Initialization in-place and `tensor.data`

murph213 · March 23, 2020, 7:39pm

Like others, I have found that trying to manually initialize weights in-place is successful when through weight.data but not through weight alone. But I am trying to understand this more deeply. The following code shows three possible (not necessarily equivalent) ways and whether they work.

import torch
import torch.nn as nn
import torch.init as init

def do_init(layer):
    # works
    init.xavier_uniform_(layer.weight)
    
    # does not work
    #layer.weight.random_()
    
    # works
    #layer.weight.data.random_()
    
lin = nn.Linear(4, 5)
print(lin.weight)
do_init(lin)
print(lin.weight)

Accessing weight directly causes errors of an in-place edit of a leaf variable. But how is accessing weight.data any different? How is it treated differently under the hood?
Is an in-place edit using data actually safe or does it confuse the computation graph? It seems we are tricking PyTorch into letting us manually initialize the gradients, but I am not comfortable trying to trick PyTorch without understanding the mechanism.
What do nn.init in-place methods do to avoid the “leaf variable” error? Do they also edit the data?

I tried looking at the code but could not determine for sure.

Thank you!

albanD · March 23, 2020, 7:49pm

Hi,

.data should never be used. It is doing very dangerous things under the hood and has many unwanted side effects.

To make operations that are not recorded by the autograd, you should use with torch.no_grad():.
This is exactly what the nn.init module does as you can seee here for example.

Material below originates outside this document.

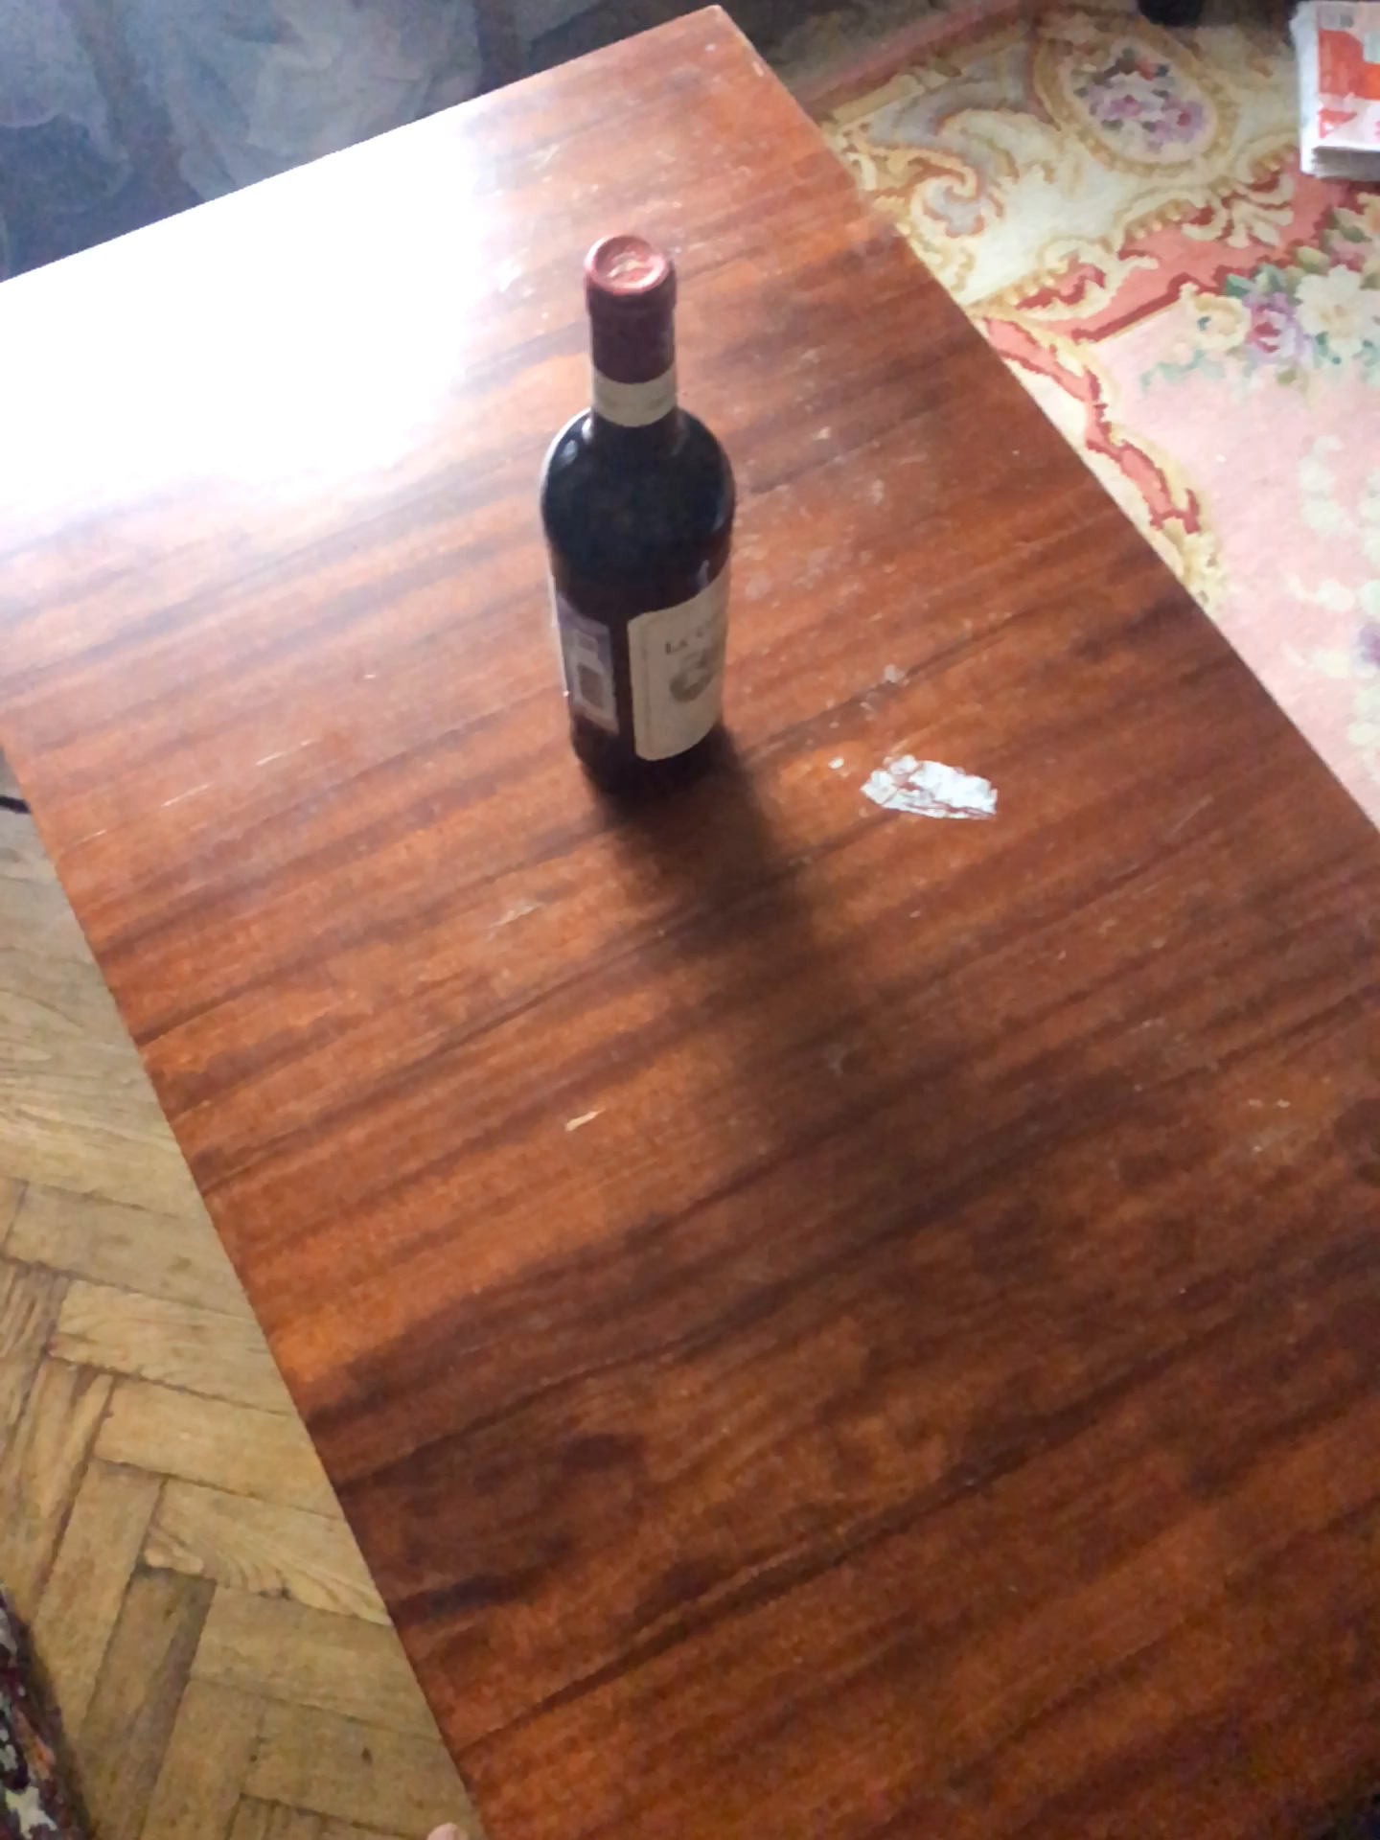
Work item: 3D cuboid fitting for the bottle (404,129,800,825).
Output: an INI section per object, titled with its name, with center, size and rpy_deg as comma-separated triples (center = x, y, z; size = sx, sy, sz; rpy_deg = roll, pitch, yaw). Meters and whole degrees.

murph213 · March 23, 2020, 10:50pm

So it would seem that a safe way to implement a function that does my own custom initialization would be to use torch.no_grad as you suggested:

torch.manual_seed(1)
def do_init2(layer):
    with torch.no_grad():
        layer.weight.normal_(0, 10)  #  10 so we can check expected behavior
        layer.bias.fill_(0)

lin = nn.Linear(4, 5)
print("before")
print(lin.weight)
print(lin.bias)

do_init2(lin)

print("after")
print(lin.weight)
print(lin.bias)

output:

before
Parameter containing:
tensor([[ 0.2576, -0.2207, -0.0969,  0.2347],
        [-0.4707,  0.2999, -0.1029,  0.2544],
        [ 0.0695, -0.0612,  0.1387,  0.0247],
        [ 0.1826, -0.1949, -0.0365, -0.0450],
        [ 0.0725, -0.0020,  0.4371,  0.1556]], requires_grad=True)
Parameter containing:
tensor([-0.1862, -0.3020, -0.0838, -0.2157, -0.1602], requires_grad=True)
after
Parameter containing:
tensor([[ 11.7120,  17.6743,  -0.9536,   1.3937],
        [-12.1501,   7.3117,  11.7180,  -9.2739],
        [  5.4514,   0.6628,  -4.3704,   7.6260],
        [ 11.6327,  -0.0907,  -8.4246,   1.3741],
        [  9.3864,  -1.8600,  -6.4464,  15.3925]], requires_grad=True)
Parameter containing:
tensor([0., 0., 0., 0., 0.], requires_grad=True)

Thank you for helping me understand these mechanics a bit better!